An electrochemiluminescence (ECL) based biosensor was developed utilizing ubiquitous mobile technologies. ECL offers great advantages over fluorescence based measurement: ECL allows high signal-to-noise measurement; ECL is a highly localized and time-triggered detection method; and instrumentation can be minimized as it requires only voltage to trigger the reaction. Cell phone-ubiquity and connectivity creates opportunities to simplify healthcare instrumentation, brings closer to end users, and enable instant data sharing.

A highly compact and affordable instrumentation wad designed and constructed using the mobile technology replacing the traditional ECL detector, computer interface, and data analyzer in an all-in-one mode. Ru (bpy)32+ was embedded in silicon nanoparticles and sandwich immunoassay was conducted. One antibody is conjugated to the Silicon nanoparticles where Ru (bpy)32+ is embedded and the other antibody is attached to magnetic bead so that the bound complex can be attracted to the electrode surface separating the false positive signals. Coreactant tri-n-propylamine (TPrA) or 2-(dibutylamino)ethanol (DBAE) was tested for their ability to enhance the signal.

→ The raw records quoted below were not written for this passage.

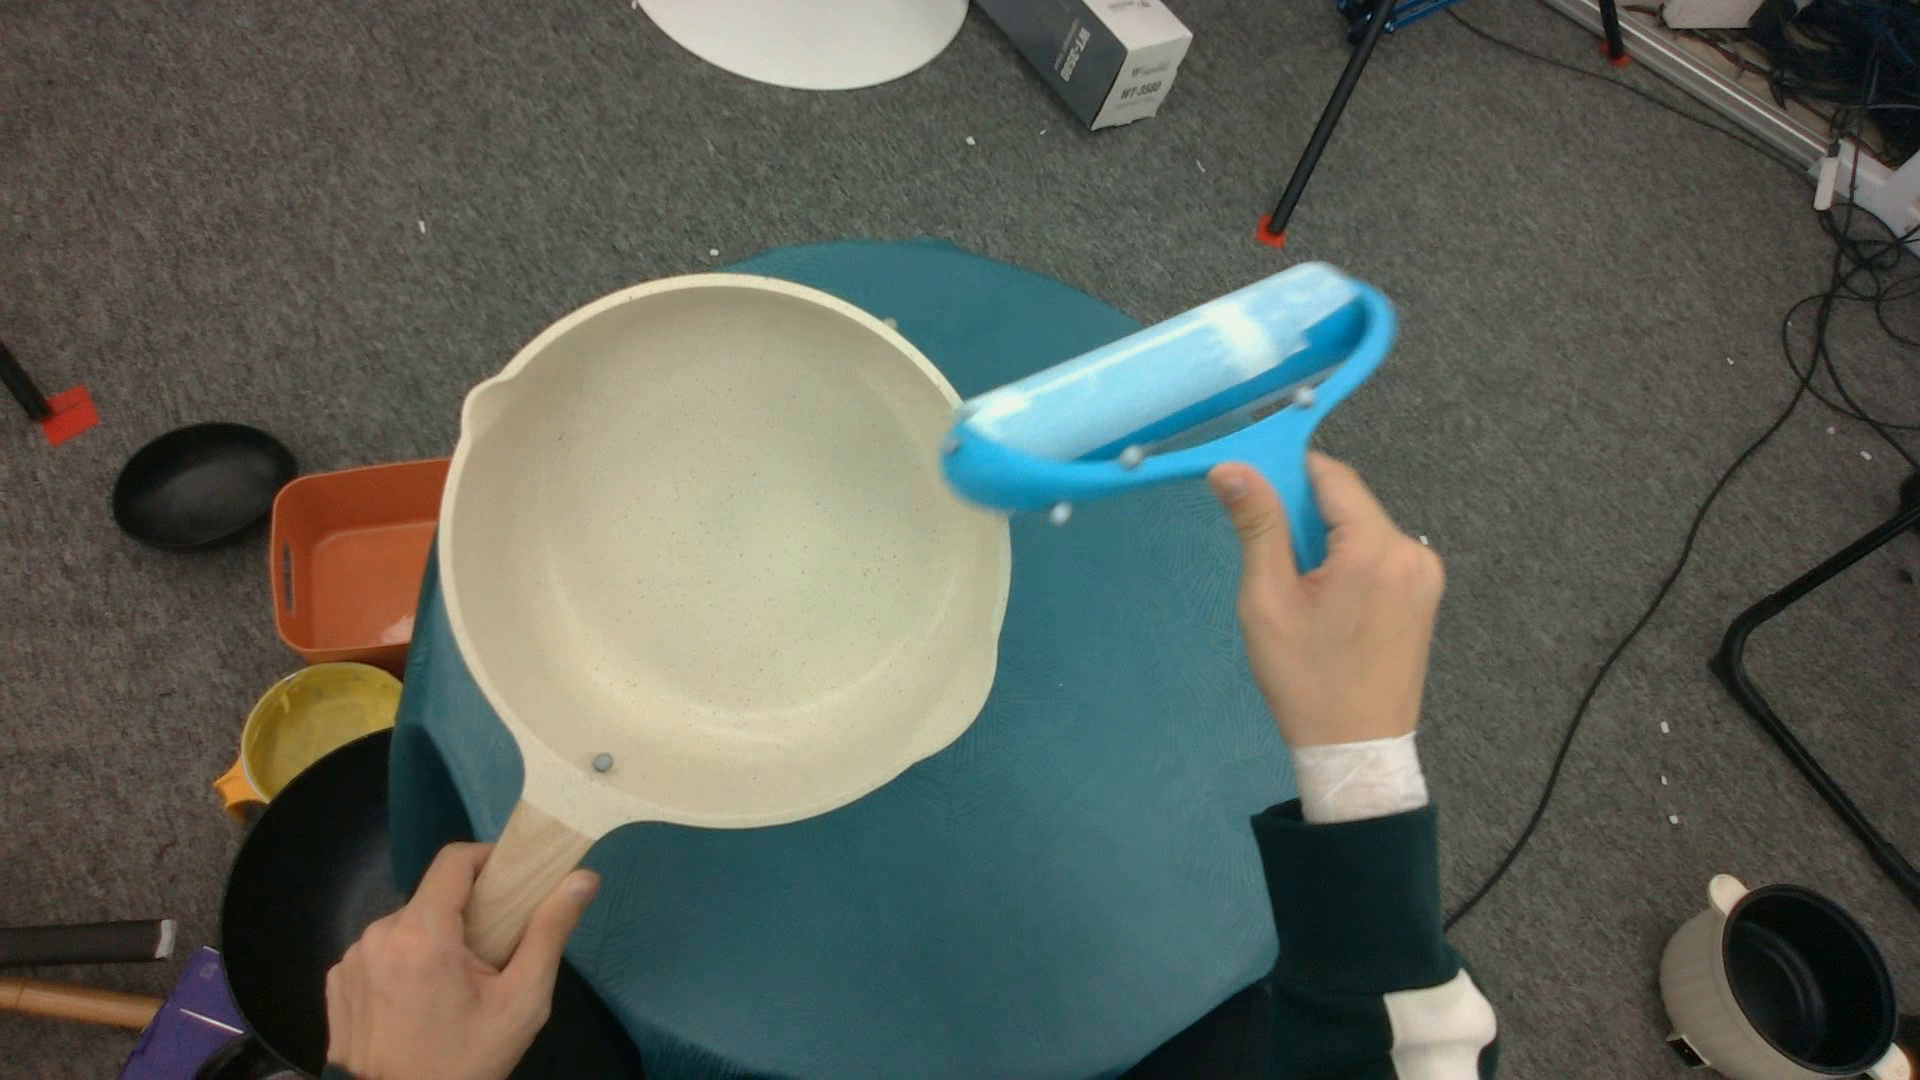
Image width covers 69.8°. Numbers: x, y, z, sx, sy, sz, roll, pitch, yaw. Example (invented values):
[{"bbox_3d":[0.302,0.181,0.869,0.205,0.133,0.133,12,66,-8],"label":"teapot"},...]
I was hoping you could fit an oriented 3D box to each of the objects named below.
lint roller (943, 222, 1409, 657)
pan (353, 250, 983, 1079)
[{"bbox_3d":[0.126,-0.039,0.592,0.229,0.067,0.180,-25,72,-21],"label":"lint roller"},{"bbox_3d":[-0.163,0.072,0.649,0.263,0.102,0.434,31,96,-7],"label":"pan"}]
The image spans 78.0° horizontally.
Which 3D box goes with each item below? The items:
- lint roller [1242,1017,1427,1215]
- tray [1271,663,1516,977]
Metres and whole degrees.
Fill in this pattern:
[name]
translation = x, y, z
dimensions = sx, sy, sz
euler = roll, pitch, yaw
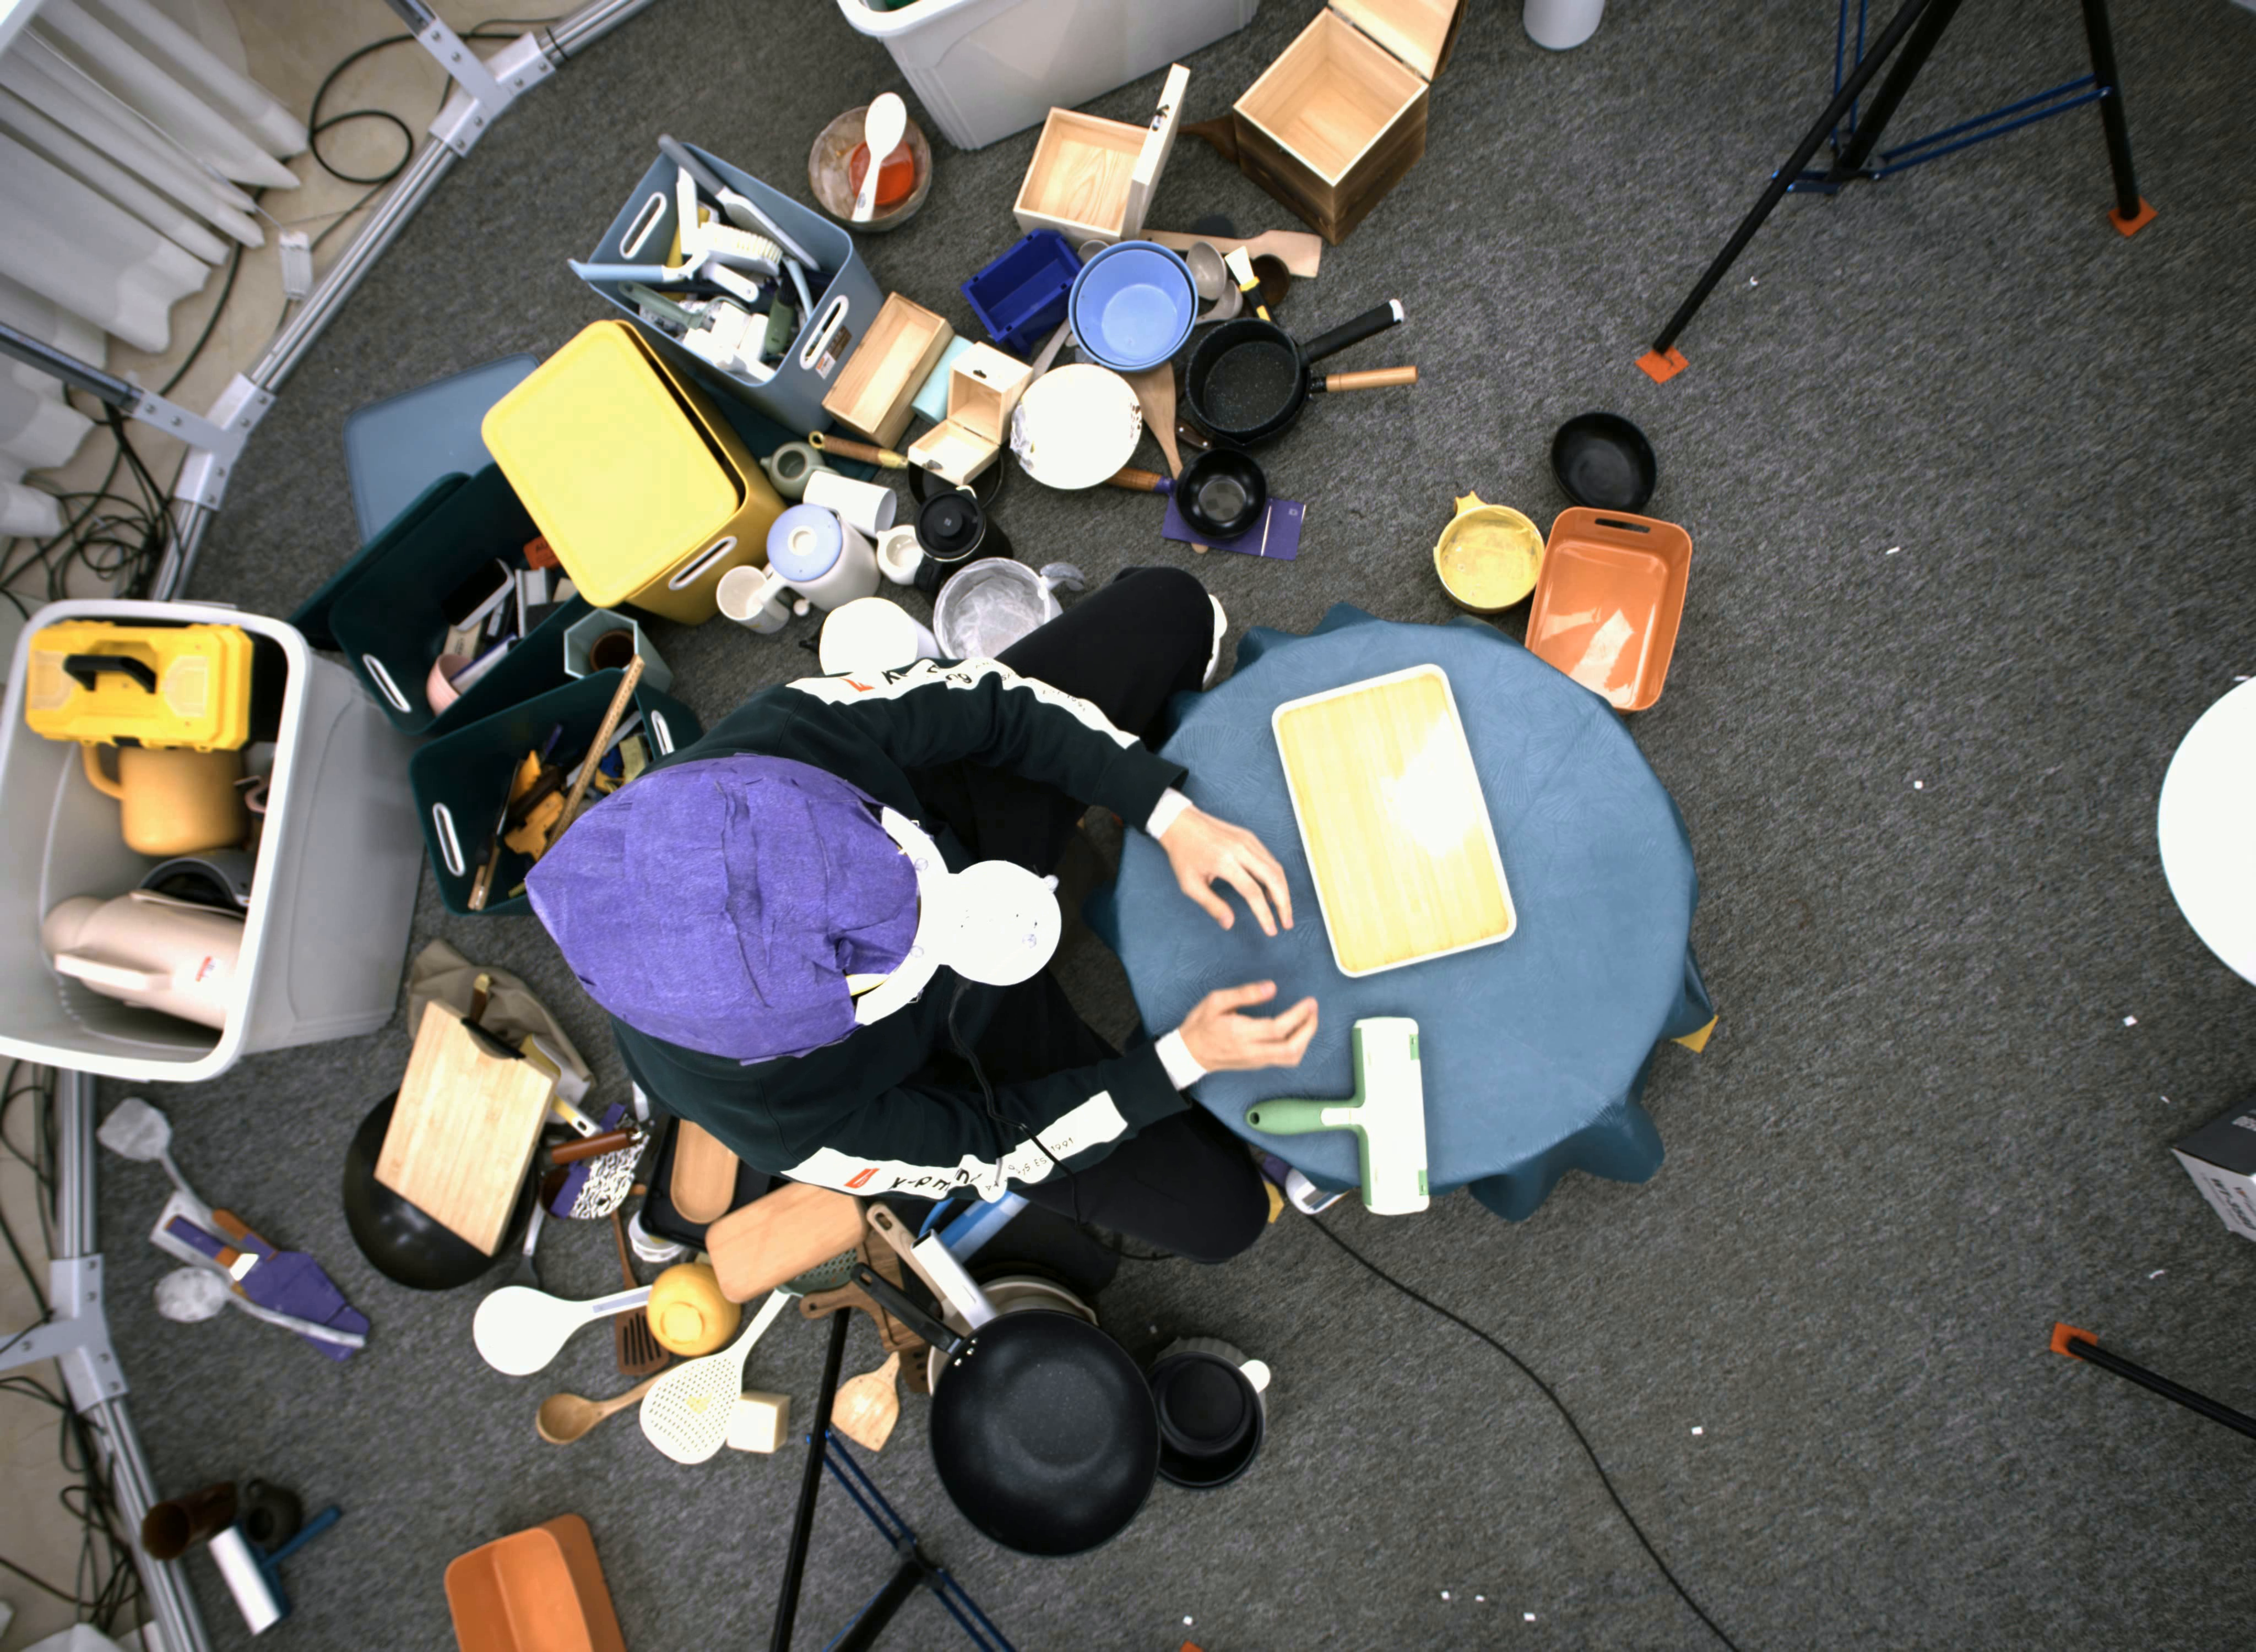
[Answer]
[lint roller]
translation = 0.208, 0.296, 1.416
dimensions = 0.184, 0.082, 0.198
euler = -3, 86, 6
[tray]
translation = 0.276, -0.008, 1.445
dimensions = 0.193, 0.027, 0.298
euler = -15, 85, 10

TPrA provided stronger signals for carbon electrodes and optimal concentration was determined for low signal measurements. The challenge of using disposable screen-printed electrode (SPE) was discussed as the binding materials and its geometry in SPE altered the electrode behaviors. The sensing conditions were optimized by experimenting with variables of buffer conditions, trigger voltage, and electrode conditions. The target sensing molecule of vitamin-D binding protein (DBP) was detected at the hundreds of nano-molar level with the optimized conditions.